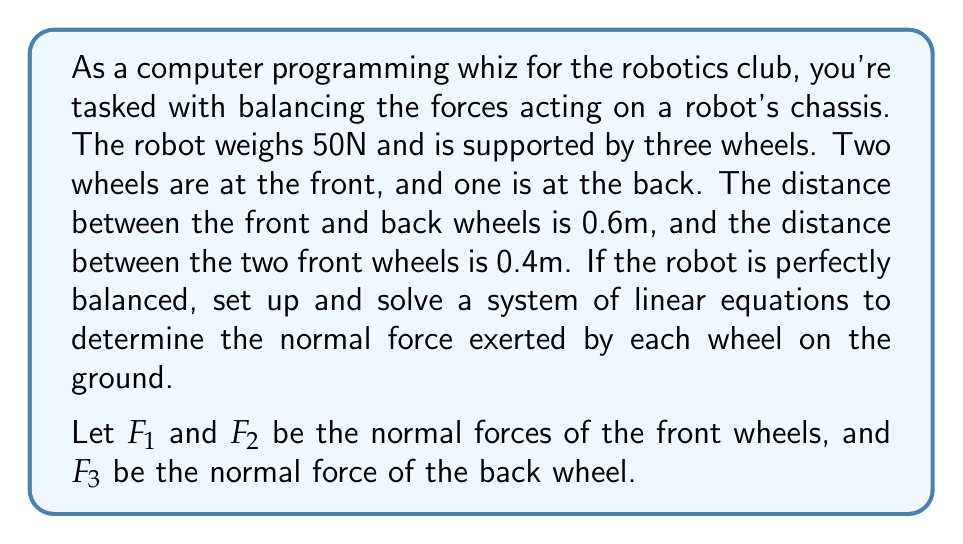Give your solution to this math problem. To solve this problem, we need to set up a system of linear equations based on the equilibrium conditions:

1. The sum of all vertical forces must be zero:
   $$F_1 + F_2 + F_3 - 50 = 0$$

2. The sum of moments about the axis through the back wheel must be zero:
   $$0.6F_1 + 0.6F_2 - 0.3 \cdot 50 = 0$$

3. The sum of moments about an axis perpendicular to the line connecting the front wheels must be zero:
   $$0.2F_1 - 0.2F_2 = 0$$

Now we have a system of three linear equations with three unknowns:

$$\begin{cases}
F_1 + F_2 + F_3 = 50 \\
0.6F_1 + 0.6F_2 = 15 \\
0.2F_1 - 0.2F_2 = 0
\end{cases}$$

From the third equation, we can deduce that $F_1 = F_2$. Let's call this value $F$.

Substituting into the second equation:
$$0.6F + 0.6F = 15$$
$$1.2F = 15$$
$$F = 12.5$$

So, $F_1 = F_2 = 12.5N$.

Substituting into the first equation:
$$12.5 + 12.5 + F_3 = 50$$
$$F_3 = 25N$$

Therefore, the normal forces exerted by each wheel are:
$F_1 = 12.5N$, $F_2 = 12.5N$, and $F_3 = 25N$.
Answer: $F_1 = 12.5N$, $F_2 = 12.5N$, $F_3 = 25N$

####################

EXERCISE DETAILS: Copy out the data above to the letter, and keep every picture out of it.

ANSWER TO THIS TASK:
Give your solution to this math problem. To solve this problem, we need to set up a system of linear equations based on the equilibrium conditions:

1. The sum of all vertical forces must be zero:
   $$F_1 + F_2 + F_3 - 50 = 0$$

2. The sum of moments about the axis through the back wheel must be zero:
   $$0.6F_1 + 0.6F_2 - 0.3 \cdot 50 = 0$$

3. The sum of moments about an axis perpendicular to the line connecting the front wheels must be zero:
   $$0.2F_1 - 0.2F_2 = 0$$

Now we have a system of three linear equations with three unknowns:

$$\begin{cases}
F_1 + F_2 + F_3 = 50 \\
0.6F_1 + 0.6F_2 = 15 \\
0.2F_1 - 0.2F_2 = 0
\end{cases}$$

From the third equation, we can deduce that $F_1 = F_2$. Let's call this value $F$.

Substituting into the second equation:
$$0.6F + 0.6F = 15$$
$$1.2F = 15$$
$$F = 12.5$$

So, $F_1 = F_2 = 12.5N$.

Substituting into the first equation:
$$12.5 + 12.5 + F_3 = 50$$
$$F_3 = 25N$$

Therefore, the normal forces exerted by each wheel are:
$F_1 = 12.5N$, $F_2 = 12.5N$, and $F_3 = 25N$.
Answer: $F_1 = 12.5N$, $F_2 = 12.5N$, $F_3 = 25N$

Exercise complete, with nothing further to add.